It's always a good idea to look for symmetries before plunging into a problem. So let's do that. The potential produced by the nucleus is spherically symmetric. It is called a central potential. The spherical symmetry means that we should use spherical coordinates $\theta$ and $\phi$. Spherical symmetry means that orbital angular momentum will be associated with good quantum numbers $\ell$ and m. So we expect to be able to label the different $\psi$'s with $\ell$ and m. Here m is the z-component of $\ell$. It turns out that if you write (3) in spherical coordinates, it is separable into 3 differential equations: one for r, one for $\theta$, and one for $\phi$. Let R(r), $\Theta(\theta)$, and $\Phi(\phi)$ be the solutions of these three equations. Then the total wavefunction can be written as a product:

\begin{displaymath}\psi(\vec{r})=A R(r)\Theta(\theta)\Phi(\phi)
\end{displaymath} (4)

where A is a constant. We won't go through all the math needed to solve the Schrodinger equation. Rather I'll just write down the answer. The energy eigenvalues are

 \begin{displaymath}E_{n}=-\frac{mZ^2e^4}{2\hbar^2 n^2}
\end{displaymath} (5)

Notice that the energy eigenvalues are quantized. n is called the principal quantum number. $n=1,\; 2,\; 3, ...$It is associated with the radial part of the wavefunction. n can be thought of as labeling the atomic orbital shells; the larger n is, the farther away the shell is from the nucleus. The radius of a shell is roughly na where a is very close to the Bohr radius in size. The radial part of the wavefunction has an exponential factor:

\begin{displaymath}R_{n\ell}(r)\sim e^{-Zr/na}
\end{displaymath} (6)

Notice that the exponential factor means that the probability that an electron is located beyond a distance na falls off exponentially. When Z=1 and n=1, eq. (5) reduces to -1 Rydberg:

\begin{displaymath}E_{0}=-\frac{me^4}{2\hbar^2}=-13.6\; {\rm eV}\;=-1\;{\rm Rydberg}
\end{displaymath} (7)

This is a good energy to remember. It sets an upper bound for how tightly electrons are bound to a nucleus.
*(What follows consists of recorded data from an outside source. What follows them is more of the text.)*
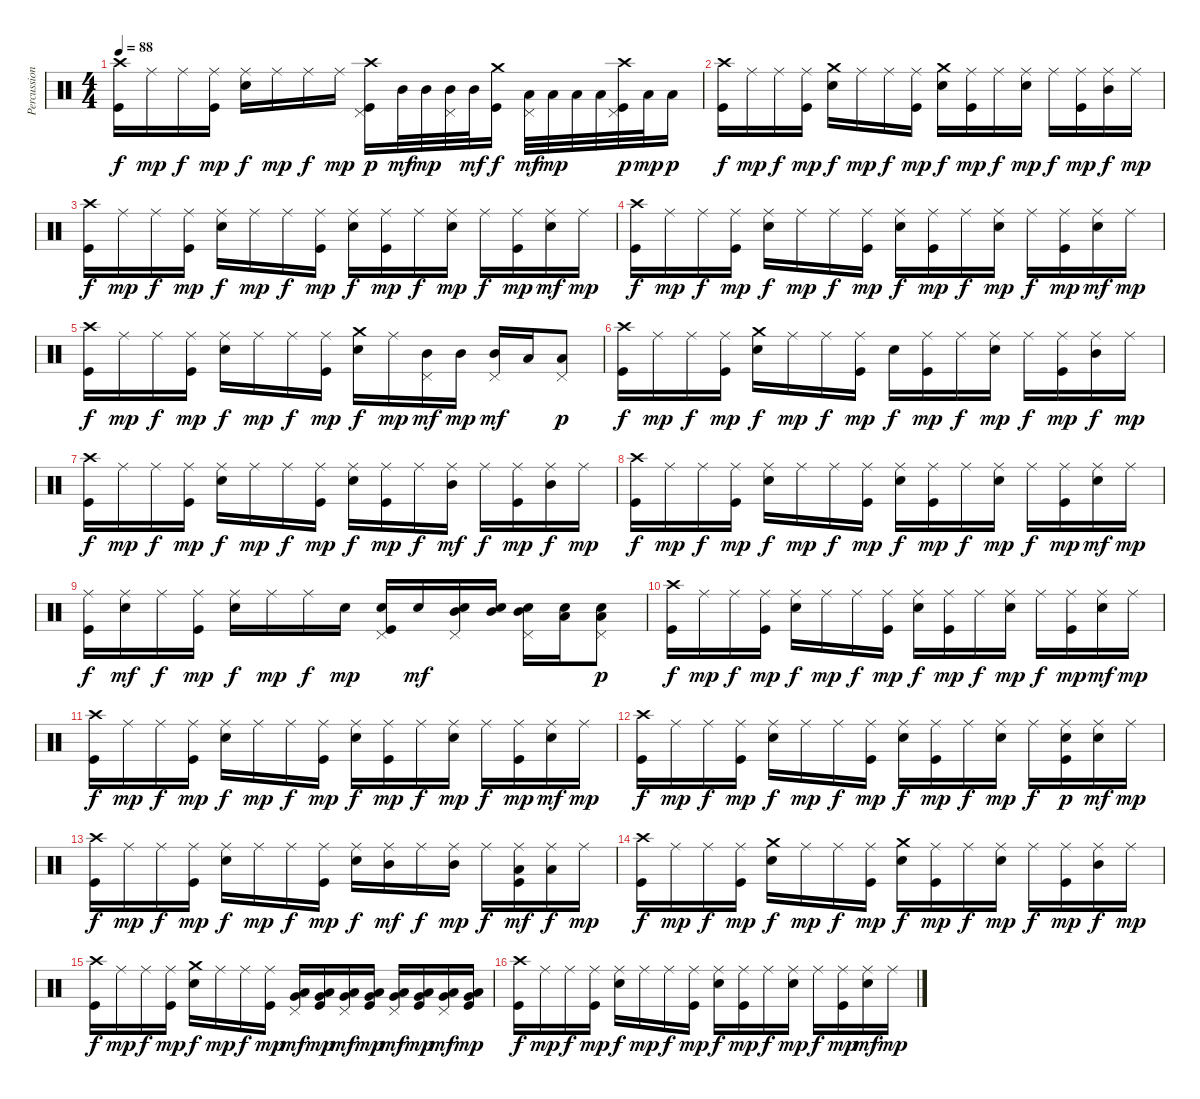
\track ("Percussion" "Percussion") {instrument percussion}
\staff {score}
\articulation defaults
\ts (4 4)
\tempo 88
\clef neutral
\ks c
("Crash high (hit)" "Kick (hit)").16{dy f} "Ride (middle)".16{dy mp} "Ride (middle)".16{dy f} ("Ride (middle)" "Kick (hit)").16{dy mp} ("Ride (middle)" "Snare (hit) 2").16{dy f} "Ride (middle)".16{dy mp} "Ride (middle)".16{dy f} "Ride (middle)".16{dy mp} ("Crash high (hit)" "Pedal Hi-Hat (hit)" "Kick (hit)").16{dy p} "Mid Tom (hit)".32{dy mf} "Mid Tom (hit)".32{dy mp} ("Pedal Hi-Hat (hit)" "Mid Tom (hit)").32 "Mid Tom (hit)".32{dy mf} ("Crash medium (hit)" "Kick (hit)").16{dy f} ("Pedal Hi-Hat (hit)" "Low Tom (hit)").32{dy mf} "Low Tom (hit)".32{dy mp} "Low Tom (hit)".32 "Low Tom (hit)".32 ("Crash high (hit)" "Pedal Hi-Hat (hit)" "Kick (hit)").32{dy p} "Low Tom (hit)".32{dy mp} "Low Tom (hit)".16{dy p} |
("Crash high (hit)" "Kick (hit)").16{dy f} "Ride (middle)".16{dy mp} "Ride (middle)".16{dy f} ("Ride (middle)" "Kick (hit)").16{dy mp} ("Crash medium (hit)" "Snare (hit) 2").16{dy f} "Ride (middle)".16{dy mp} "Ride (middle)".16{dy f} ("Ride (middle)" "Kick (hit)").16{dy mp} ("Crash medium (hit)" "Snare (hit) 2").16{dy f} ("Ride (middle)" "Kick (hit)").16{dy mp} "Ride (middle)".16{dy f} ("Ride (middle)" "Snare (hit) 2").16{dy mp} "Ride (middle)".16{dy f} ("Ride (middle)" "Kick (hit)").16{dy mp} ("Ride (middle)" "Mid Tom (hit)").16{dy f} "Ride (middle)".16{dy mp} |
("Crash high (hit)" "Kick (hit)").16{dy f} "Ride (middle)".16{dy mp} "Ride (middle)".16{dy f} ("Ride (middle)" "Kick (hit)").16{dy mp} ("Ride (middle)" "Snare (hit) 2").16{dy f} "Ride (middle)".16{dy mp} "Ride (middle)".16{dy f} ("Ride (middle)" "Kick (hit)").16{dy mp} ("Ride (middle)" "Snare (hit) 2").16{dy f} ("Ride (middle)" "Kick (hit)").16{dy mp} "Ride (middle)".16{dy f} ("Ride (middle)" "Snare (hit) 2").16{dy mp} "Ride (middle)".16{dy f} ("Ride (middle)" "Kick (hit)").16{dy mp} ("Ride (middle)" "Snare (hit) 2").16{dy mf} "Ride (middle)".16{dy mp} |
("Crash high (hit)" "Kick (hit)").16{dy f} "Ride (middle)".16{dy mp} "Ride (middle)".16{dy f} ("Ride (middle)" "Kick (hit)").16{dy mp} ("Ride (middle)" "Snare (hit) 2").16{dy f} "Ride (middle)".16{dy mp} "Ride (middle)".16{dy f} ("Ride (middle)" "Kick (hit)").16{dy mp} ("Ride (middle)" "Snare (hit) 2").16{dy f} ("Ride (middle)" "Kick (hit)").16{dy mp} "Ride (middle)".16{dy f} ("Ride (middle)" "Snare (hit) 2").16{dy mp} "Ride (middle)".16{dy f} ("Ride (middle)" "Kick (hit)").16{dy mp} ("Ride (middle)" "Snare (hit) 2").16{dy mf} "Ride (middle)".16{dy mp} |
("Crash high (hit)" "Kick (hit)").16{dy f} "Ride (middle)".16{dy mp} "Ride (middle)".16{dy f} ("Ride (middle)" "Kick (hit)").16{dy mp} ("Ride (middle)" "Snare (hit) 2").16{dy f} "Ride (middle)".16{dy mp} "Ride (middle)".16{dy f} ("Ride (middle)" "Kick (hit)").16{dy mp} ("Crash medium (hit)" "Snare (hit) 2").16{dy f} "Ride (middle)".16{dy mp} ("Pedal Hi-Hat (hit)" "Mid Tom (hit)").16{dy mf} "Mid Tom (hit)".16{dy mp} ("Pedal Hi-Hat (hit)" "Mid Tom (hit)").16{dy mf} "Low Tom (hit)".16 ("Pedal Hi-Hat (hit)" "Low Tom (hit)").8{dy p} |
("Crash high (hit)" "Kick (hit)").16{dy f} "Ride (middle)".16{dy mp} "Ride (middle)".16{dy f} ("Ride (middle)" "Kick (hit)").16{dy mp} ("Crash medium (hit)" "Snare (hit) 2").16{dy f} "Ride (middle)".16{dy mp} "Ride (middle)".16{dy f} ("Ride (middle)" "Kick (hit)").16{dy mp} "Snare (hit) 2".16{dy f} ("Ride (middle)" "Kick (hit)").16{dy mp} "Ride (middle)".16{dy f} ("Ride (middle)" "Snare (hit) 2").16{dy mp} "Ride (middle)".16{dy f} ("Ride (middle)" "Kick (hit)").16{dy mp} ("Ride (middle)" "Mid Tom (hit)").16{dy f} "Ride (middle)".16{dy mp} |
("Crash high (hit)" "Kick (hit)").16{dy f} "Ride (middle)".16{dy mp} "Ride (middle)".16{dy f} ("Ride (middle)" "Kick (hit)").16{dy mp} ("Ride (middle)" "Snare (hit) 2").16{dy f} "Ride (middle)".16{dy mp} "Ride (middle)".16{dy f} ("Ride (middle)" "Kick (hit)").16{dy mp} ("Ride (middle)" "Snare (hit) 2").16{dy f} ("Ride (middle)" "Kick (hit)").16{dy mp} "Ride (middle)".16{dy f} ("Ride (middle)" "Mid Tom (hit)").16{dy mf} "Ride (middle)".16{dy f} ("Ride (middle)" "Kick (hit)").16{dy mp} ("Ride (middle)" "Mid Tom (hit)").16{dy f} "Ride (middle)".16{dy mp} |
("Crash high (hit)" "Kick (hit)").16{dy f} "Ride (middle)".16{dy mp} "Ride (middle)".16{dy f} ("Ride (middle)" "Kick (hit)").16{dy mp} ("Ride (middle)" "Snare (hit) 2").16{dy f} "Ride (middle)".16{dy mp} "Ride (middle)".16{dy f} ("Ride (middle)" "Kick (hit)").16{dy mp} ("Ride (middle)" "Snare (hit) 2").16{dy f} ("Ride (middle)" "Kick (hit)").16{dy mp} "Ride (middle)".16{dy f} ("Ride (middle)" "Snare (hit) 2").16{dy mp} "Ride (middle)".16{dy f} ("Ride (middle)" "Kick (hit)").16{dy mp} ("Ride (middle)" "Snare (hit) 2").16{dy mf} "Ride (middle)".16{dy mp} |
("Ride (middle)" "Kick (hit)").16{dy f} ("Ride (middle)" "Snare (hit) 2").16{dy mf} "Ride (middle)".16{dy f} ("Ride (middle)" "Kick (hit)").16{dy mp} ("Ride (middle)" "Snare (hit) 2").16{dy f} "Ride (middle)".16{dy mp} "Ride (middle)".16{dy f} "Snare (hit) 2".16{dy mp} ("Pedal Hi-Hat (hit)" "Snare (hit) 2" "Kick (hit)").16 "Snare (hit) 2".16{dy mf} ("Pedal Hi-Hat (hit)" "Mid Tom (hit)" "Snare (hit) 2").16 ("Mid Tom (hit)" "Snare (hit) 2").16 ("Pedal Hi-Hat (hit)" "Mid Tom (hit)" "Snare (hit) 2").16 ("Low Tom (hit)" "Snare (hit) 2").16 ("Pedal Hi-Hat (hit)" "Low Tom (hit)" "Snare (hit) 2").8{dy p} |
("Crash high (hit)" "Kick (hit)").16{dy f} "Ride (middle)".16{dy mp} "Ride (middle)".16{dy f} ("Ride (middle)" "Kick (hit)").16{dy mp} ("Ride (middle)" "Snare (hit) 2").16{dy f} "Ride (middle)".16{dy mp} "Ride (middle)".16{dy f} ("Ride (middle)" "Kick (hit)").16{dy mp} ("Ride (middle)" "Snare (hit) 2").16{dy f} ("Ride (middle)" "Kick (hit)").16{dy mp} "Ride (middle)".16{dy f} ("Ride (middle)" "Snare (hit) 2").16{dy mp} "Ride (middle)".16{dy f} ("Ride (middle)" "Kick (hit)").16{dy mp} ("Ride (middle)" "Snare (hit) 2").16{dy mf} "Ride (middle)".16{dy mp} |
("Crash high (hit)" "Kick (hit)").16{dy f} "Ride (middle)".16{dy mp} "Ride (middle)".16{dy f} ("Ride (middle)" "Kick (hit)").16{dy mp} ("Ride (middle)" "Snare (hit) 2").16{dy f} "Ride (middle)".16{dy mp} "Ride (middle)".16{dy f} ("Ride (middle)" "Kick (hit)").16{dy mp} ("Ride (middle)" "Snare (hit) 2").16{dy f} ("Ride (middle)" "Kick (hit)").16{dy mp} "Ride (middle)".16{dy f} ("Ride (middle)" "Snare (hit) 2").16{dy mp} "Ride (middle)".16{dy f} ("Ride (middle)" "Kick (hit)").16{dy mp} ("Ride (middle)" "Snare (hit) 2").16{dy mf} "Ride (middle)".16{dy mp} |
("Crash high (hit)" "Kick (hit)").16{dy f} "Ride (middle)".16{dy mp} "Ride (middle)".16{dy f} ("Ride (middle)" "Kick (hit)").16{dy mp} ("Ride (middle)" "Snare (hit) 2").16{dy f} "Ride (middle)".16{dy mp} "Ride (middle)".16{dy f} ("Ride (middle)" "Kick (hit)").16{dy mp} ("Ride (middle)" "Snare (hit) 2").16{dy f} ("Ride (middle)" "Kick (hit)").16{dy mp} "Ride (middle)".16{dy f} ("Ride (middle)" "Snare (hit) 2").16{dy mp} "Ride (middle)".16{dy f} ("Ride (middle)" "Snare (hit) 2" "Kick (hit)").16{dy p} ("Ride (middle)" "Snare (hit) 2").16{dy mf} "Ride (middle)".16{dy mp} |
("Crash high (hit)" "Kick (hit)").16{dy f} "Ride (middle)".16{dy mp} "Ride (middle)".16{dy f} ("Ride (middle)" "Kick (hit)").16{dy mp} ("Ride (middle)" "Snare (hit) 2").16{dy f} "Ride (middle)".16{dy mp} "Ride (middle)".16{dy f} ("Ride (middle)" "Kick (hit)").16{dy mp} ("Ride (middle)" "Snare (hit) 2").16{dy f} ("Ride (middle)" "Mid Tom (hit)").16{dy mf} "Ride (middle)".16{dy f} ("Ride (middle)" "Mid Tom (hit)").16{dy mp} "Ride (middle)".16{dy f} ("Ride (middle)" "Low Tom (hit)" "Kick (hit)").16{dy mf} ("Ride (middle)" "Low Tom (hit)").16{dy f} "Ride (middle)".16{dy mp} |
("Crash high (hit)" "Kick (hit)").16{dy f} "Ride (middle)".16{dy mp} "Ride (middle)".16{dy f} ("Ride (middle)" "Kick (hit)").16{dy mp} ("Crash medium (hit)" "Snare (hit) 2").16{dy f} "Ride (middle)".16{dy mp} "Ride (middle)".16{dy f} ("Ride (middle)" "Kick (hit)").16{dy mp} ("Crash medium (hit)" "Snare (hit) 2").16{dy f} ("Ride (middle)" "Kick (hit)").16{dy mp} "Ride (middle)".16{dy f} ("Ride (middle)" "Snare (hit) 2").16{dy mp} "Ride (middle)".16{dy f} ("Ride (middle)" "Kick (hit)").16{dy mp} ("Ride (middle)" "Mid Tom (hit)").16{dy f} "Ride (middle)".16{dy mp} |
("Crash high (hit)" "Kick (hit)").16{dy f} "Ride (middle)".16{dy mp} "Ride (middle)".16{dy f} ("Ride (middle)" "Kick (hit)").16{dy mp} ("Crash medium (hit)" "Snare (hit) 2").16{dy f} "Ride (middle)".16{dy mp} "Ride (middle)".16{dy f} ("Ride (middle)" "Kick (hit)").16{dy mp} ("Pedal Hi-Hat (hit)" "Very Low Tom (hit)" "Low Tom (hit)").16{dy mf} ("Very Low Tom (hit)" "Low Tom (hit)" "Kick (hit)").16{dy mp} ("Pedal Hi-Hat (hit)" "Very Low Tom (hit)" "Low Tom (hit)").16{dy mf} ("Very Low Tom (hit)" "Low Tom (hit)" "Kick (hit)").16{dy mp} ("Pedal Hi-Hat (hit)" "Very Low Tom (hit)" "Low Tom (hit)").16{dy mf} ("Very Low Tom (hit)" "Low Tom (hit)" "Kick (hit)").16{dy mp} ("Pedal Hi-Hat (hit)" "Very Low Tom (hit)" "Low Tom (hit)").16{dy mf} ("Very Low Tom (hit)" "Low Tom (hit)" "Kick (hit)").16{dy mp} |
("Crash high (hit)" "Kick (hit)").16{dy f} "Ride (middle)".16{dy mp} "Ride (middle)".16{dy f} ("Ride (middle)" "Kick (hit)").16{dy mp} ("Ride (middle)" "Snare (hit) 2").16{dy f} "Ride (middle)".16{dy mp} "Ride (middle)".16{dy f} ("Ride (middle)" "Kick (hit)").16{dy mp} ("Ride (middle)" "Snare (hit) 2").16{dy f} ("Ride (middle)" "Kick (hit)").16{dy mp} "Ride (middle)".16{dy f} ("Ride (middle)" "Snare (hit) 2").16{dy mp} "Ride (middle)".16{dy f} ("Ride (middle)" "Kick (hit)").16{dy mp} ("Ride (middle)" "Snare (hit) 2").16{dy mf} "Ride (middle)".16{dy mp}
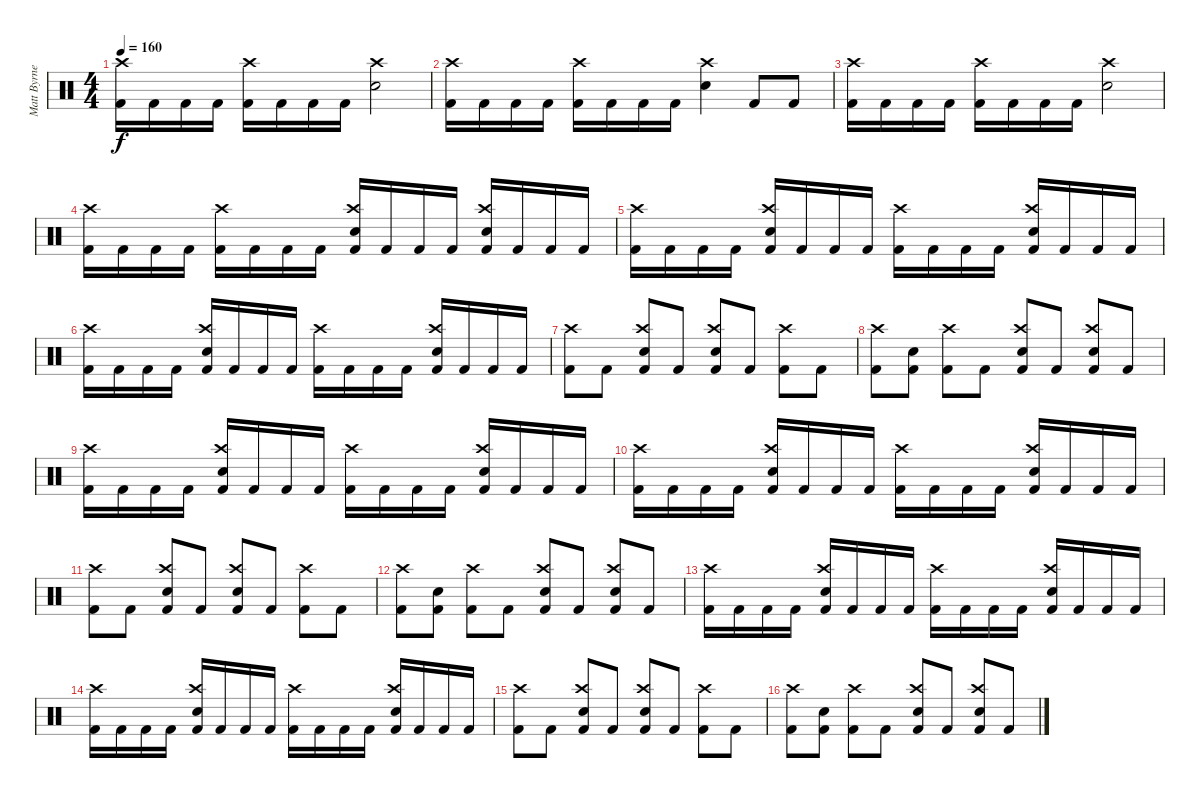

The energy eigenfunctions are

 \begin{displaymath}u_{nlm}=A_{n\ell m}R_{n\ell}(r)P^{m}_{\ell}(\cos \theta)e^{\pm im\phi}
\end{displaymath} (8)

The actual functions for various values of n, $\ell$, and m are given in Eisberg and Resnick on page 243. Here we see that the orbital angular momentum quantum numbers are associated with the angular part of the wavefunction. For a given value of n, the values of $\ell$ are

\begin{displaymath}\ell=0,1,2,3, ... (n-1)
\end{displaymath} (9)

By convention the $\ell=0$ sublevel corresponds to an s orbital, $\ell=1$ to a p orbital, $\ell=2$ to a d orbital, and $\ell=3$to an f orbital. These spectroscopic notations are the initial letters of adjectives formerly used to describe spectral lines: sharp, principal, diffuse, and fundamental. The spectral lines were discovered before people realized where the lines came from. For $\ell$ values larger than 3, the letters used proceed alphabetically: g, h, i, k, l, etc. (Note that j is omitted.) For each value of $\ell$ there are $(2\ell + 1)$ values of m:

\begin{displaymath}m=-\ell, -\ell+1, ..., \ell-1, \ell
\end{displaymath} (10)

Notice that the energy eigenvalues (5) are independent of $\ell$ and m. This means that for a given value of n, there n2 degenerate orbitals which differ in their values of $\ell$ and m. Various effects which we haven't included in the Hamiltonian can split this degeneracy. For example, if the atom is in a magnetic field, the m levels are split. This is known as the Zeeman effect and m is known as the magnetic quantum number. If we include the spin of the electron, the maximum number of electrons that can reside in a given energy level is 2n2.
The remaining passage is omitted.